----- The input -----
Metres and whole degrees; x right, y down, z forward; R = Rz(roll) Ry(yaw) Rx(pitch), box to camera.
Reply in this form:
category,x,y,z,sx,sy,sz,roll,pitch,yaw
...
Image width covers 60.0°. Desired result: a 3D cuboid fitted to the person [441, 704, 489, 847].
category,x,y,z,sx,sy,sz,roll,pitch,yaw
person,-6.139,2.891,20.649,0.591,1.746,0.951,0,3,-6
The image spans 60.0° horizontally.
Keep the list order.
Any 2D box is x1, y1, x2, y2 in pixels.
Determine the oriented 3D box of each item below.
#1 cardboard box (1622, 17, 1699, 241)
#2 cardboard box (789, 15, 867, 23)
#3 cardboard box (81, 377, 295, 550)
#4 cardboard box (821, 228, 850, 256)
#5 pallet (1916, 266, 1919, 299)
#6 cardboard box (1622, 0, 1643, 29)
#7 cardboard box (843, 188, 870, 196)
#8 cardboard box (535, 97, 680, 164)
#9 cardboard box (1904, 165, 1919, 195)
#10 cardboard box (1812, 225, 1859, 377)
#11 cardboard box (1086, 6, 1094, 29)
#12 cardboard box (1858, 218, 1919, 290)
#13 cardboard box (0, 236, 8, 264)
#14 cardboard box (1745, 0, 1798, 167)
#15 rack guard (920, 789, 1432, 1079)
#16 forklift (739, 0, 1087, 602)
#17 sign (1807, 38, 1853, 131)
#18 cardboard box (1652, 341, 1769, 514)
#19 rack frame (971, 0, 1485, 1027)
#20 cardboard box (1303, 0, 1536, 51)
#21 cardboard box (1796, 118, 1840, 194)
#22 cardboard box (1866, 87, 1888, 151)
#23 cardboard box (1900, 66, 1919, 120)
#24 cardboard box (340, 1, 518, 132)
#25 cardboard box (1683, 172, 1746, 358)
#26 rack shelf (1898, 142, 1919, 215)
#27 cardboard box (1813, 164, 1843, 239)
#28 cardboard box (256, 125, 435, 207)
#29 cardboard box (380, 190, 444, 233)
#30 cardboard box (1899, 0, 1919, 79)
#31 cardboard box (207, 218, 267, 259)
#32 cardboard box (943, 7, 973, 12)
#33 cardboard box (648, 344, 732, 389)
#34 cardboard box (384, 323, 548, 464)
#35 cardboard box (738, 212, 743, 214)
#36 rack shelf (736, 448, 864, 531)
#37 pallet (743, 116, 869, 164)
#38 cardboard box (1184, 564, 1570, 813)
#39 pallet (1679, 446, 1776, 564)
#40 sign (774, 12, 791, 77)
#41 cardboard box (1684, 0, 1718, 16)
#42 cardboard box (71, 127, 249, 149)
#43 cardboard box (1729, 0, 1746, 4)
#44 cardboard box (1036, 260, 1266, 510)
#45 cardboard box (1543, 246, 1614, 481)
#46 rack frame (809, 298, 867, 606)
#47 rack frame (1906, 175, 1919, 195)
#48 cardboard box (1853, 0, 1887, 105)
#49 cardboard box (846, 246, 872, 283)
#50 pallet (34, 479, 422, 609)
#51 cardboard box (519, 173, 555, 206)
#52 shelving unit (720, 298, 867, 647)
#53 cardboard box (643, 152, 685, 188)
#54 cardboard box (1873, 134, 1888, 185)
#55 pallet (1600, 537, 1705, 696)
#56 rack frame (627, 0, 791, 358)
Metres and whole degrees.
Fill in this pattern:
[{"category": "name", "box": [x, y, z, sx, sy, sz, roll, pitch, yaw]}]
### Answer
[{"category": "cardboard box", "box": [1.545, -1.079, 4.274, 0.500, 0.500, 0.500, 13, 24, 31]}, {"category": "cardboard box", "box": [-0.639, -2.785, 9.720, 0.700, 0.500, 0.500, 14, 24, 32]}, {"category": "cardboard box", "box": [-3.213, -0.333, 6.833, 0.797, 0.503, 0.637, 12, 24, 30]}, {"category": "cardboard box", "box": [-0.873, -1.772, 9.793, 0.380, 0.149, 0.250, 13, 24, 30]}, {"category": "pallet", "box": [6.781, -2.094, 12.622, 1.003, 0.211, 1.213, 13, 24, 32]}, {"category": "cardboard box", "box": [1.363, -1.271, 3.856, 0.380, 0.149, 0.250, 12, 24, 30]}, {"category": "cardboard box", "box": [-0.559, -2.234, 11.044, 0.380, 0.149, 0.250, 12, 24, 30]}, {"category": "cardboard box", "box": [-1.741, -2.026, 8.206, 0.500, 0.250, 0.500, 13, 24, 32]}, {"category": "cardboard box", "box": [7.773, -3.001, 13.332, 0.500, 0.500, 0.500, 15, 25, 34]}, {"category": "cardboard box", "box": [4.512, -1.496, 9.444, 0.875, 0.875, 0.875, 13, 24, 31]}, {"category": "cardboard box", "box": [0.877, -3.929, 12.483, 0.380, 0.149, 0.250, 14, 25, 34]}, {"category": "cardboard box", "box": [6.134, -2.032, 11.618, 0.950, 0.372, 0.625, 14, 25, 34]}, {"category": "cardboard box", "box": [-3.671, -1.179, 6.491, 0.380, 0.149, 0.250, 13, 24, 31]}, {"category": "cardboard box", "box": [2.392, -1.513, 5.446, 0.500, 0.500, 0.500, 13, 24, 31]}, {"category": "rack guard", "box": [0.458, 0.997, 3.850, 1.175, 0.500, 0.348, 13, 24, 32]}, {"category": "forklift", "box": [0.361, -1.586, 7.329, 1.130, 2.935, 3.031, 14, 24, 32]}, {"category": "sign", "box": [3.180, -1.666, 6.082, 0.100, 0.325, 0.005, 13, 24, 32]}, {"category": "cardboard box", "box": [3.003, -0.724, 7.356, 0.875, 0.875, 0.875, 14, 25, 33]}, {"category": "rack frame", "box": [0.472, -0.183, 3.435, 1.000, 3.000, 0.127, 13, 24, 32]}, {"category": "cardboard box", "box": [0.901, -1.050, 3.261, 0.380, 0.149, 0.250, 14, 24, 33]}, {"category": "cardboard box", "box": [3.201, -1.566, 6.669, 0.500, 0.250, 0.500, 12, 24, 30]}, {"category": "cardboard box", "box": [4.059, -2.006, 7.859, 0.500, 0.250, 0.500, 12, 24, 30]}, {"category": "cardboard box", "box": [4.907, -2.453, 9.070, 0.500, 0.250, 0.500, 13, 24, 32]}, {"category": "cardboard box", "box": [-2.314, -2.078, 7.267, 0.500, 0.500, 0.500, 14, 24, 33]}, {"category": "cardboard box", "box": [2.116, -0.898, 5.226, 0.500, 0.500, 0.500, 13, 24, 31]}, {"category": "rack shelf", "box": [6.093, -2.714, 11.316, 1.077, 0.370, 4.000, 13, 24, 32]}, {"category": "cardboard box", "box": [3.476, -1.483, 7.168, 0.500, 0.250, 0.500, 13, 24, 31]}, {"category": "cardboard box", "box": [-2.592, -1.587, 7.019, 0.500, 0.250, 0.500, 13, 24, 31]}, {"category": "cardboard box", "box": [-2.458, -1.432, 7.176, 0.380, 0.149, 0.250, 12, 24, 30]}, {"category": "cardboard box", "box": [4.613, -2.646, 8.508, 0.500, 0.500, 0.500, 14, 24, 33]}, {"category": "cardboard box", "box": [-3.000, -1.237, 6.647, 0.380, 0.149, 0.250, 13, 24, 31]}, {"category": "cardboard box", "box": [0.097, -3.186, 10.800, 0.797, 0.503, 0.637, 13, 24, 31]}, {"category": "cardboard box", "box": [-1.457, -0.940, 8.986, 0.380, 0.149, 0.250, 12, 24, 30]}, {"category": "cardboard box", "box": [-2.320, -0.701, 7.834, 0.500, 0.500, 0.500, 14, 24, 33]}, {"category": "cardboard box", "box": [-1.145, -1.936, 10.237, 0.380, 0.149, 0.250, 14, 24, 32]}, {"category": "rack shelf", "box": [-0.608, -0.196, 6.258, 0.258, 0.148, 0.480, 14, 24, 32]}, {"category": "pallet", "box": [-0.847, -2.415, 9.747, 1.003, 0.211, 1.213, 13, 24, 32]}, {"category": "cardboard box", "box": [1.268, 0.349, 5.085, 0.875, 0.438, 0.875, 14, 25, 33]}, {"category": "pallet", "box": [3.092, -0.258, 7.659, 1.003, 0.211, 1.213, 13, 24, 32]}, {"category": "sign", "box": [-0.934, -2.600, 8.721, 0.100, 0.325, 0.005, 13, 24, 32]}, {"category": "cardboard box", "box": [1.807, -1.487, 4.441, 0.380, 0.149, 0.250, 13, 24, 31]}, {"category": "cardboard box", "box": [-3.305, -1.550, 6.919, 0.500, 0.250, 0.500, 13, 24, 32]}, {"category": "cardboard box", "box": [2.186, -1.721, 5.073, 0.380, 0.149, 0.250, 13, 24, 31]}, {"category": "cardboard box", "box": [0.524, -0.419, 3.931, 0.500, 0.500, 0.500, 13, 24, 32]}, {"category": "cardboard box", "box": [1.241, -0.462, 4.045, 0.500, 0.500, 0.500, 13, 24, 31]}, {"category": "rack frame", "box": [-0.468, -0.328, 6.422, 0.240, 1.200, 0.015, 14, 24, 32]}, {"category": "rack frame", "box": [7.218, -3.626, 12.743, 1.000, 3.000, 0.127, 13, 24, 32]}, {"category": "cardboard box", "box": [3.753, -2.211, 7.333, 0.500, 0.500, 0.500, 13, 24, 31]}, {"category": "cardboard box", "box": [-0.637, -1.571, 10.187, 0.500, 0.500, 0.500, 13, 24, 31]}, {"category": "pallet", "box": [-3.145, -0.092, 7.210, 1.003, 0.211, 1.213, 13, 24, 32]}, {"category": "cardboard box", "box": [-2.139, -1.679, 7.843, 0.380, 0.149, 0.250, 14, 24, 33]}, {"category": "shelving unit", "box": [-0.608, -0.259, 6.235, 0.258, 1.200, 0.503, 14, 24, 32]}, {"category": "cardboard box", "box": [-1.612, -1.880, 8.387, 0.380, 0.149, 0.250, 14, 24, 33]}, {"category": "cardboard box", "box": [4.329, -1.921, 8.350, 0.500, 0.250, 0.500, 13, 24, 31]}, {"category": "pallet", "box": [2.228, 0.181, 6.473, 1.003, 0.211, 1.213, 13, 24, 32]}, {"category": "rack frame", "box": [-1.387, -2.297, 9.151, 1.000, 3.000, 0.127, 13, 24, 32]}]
-----
- [What you need to do]:
Would you retype exactly the lines above, from the line with "The image spans 60.0° horizontally." to the line with "#17 sign (1807, 38, 1853, 131)", with both end lines kept and nothing more?

- [Problem solution]:
The image spans 60.0° horizontally.
Keep the list order.
Any 2D box is x1, y1, x2, y2 in pixels.
Determine the oriented 3D box of each item below.
#1 cardboard box (1622, 17, 1699, 241)
#2 cardboard box (789, 15, 867, 23)
#3 cardboard box (81, 377, 295, 550)
#4 cardboard box (821, 228, 850, 256)
#5 pallet (1916, 266, 1919, 299)
#6 cardboard box (1622, 0, 1643, 29)
#7 cardboard box (843, 188, 870, 196)
#8 cardboard box (535, 97, 680, 164)
#9 cardboard box (1904, 165, 1919, 195)
#10 cardboard box (1812, 225, 1859, 377)
#11 cardboard box (1086, 6, 1094, 29)
#12 cardboard box (1858, 218, 1919, 290)
#13 cardboard box (0, 236, 8, 264)
#14 cardboard box (1745, 0, 1798, 167)
#15 rack guard (920, 789, 1432, 1079)
#16 forklift (739, 0, 1087, 602)
#17 sign (1807, 38, 1853, 131)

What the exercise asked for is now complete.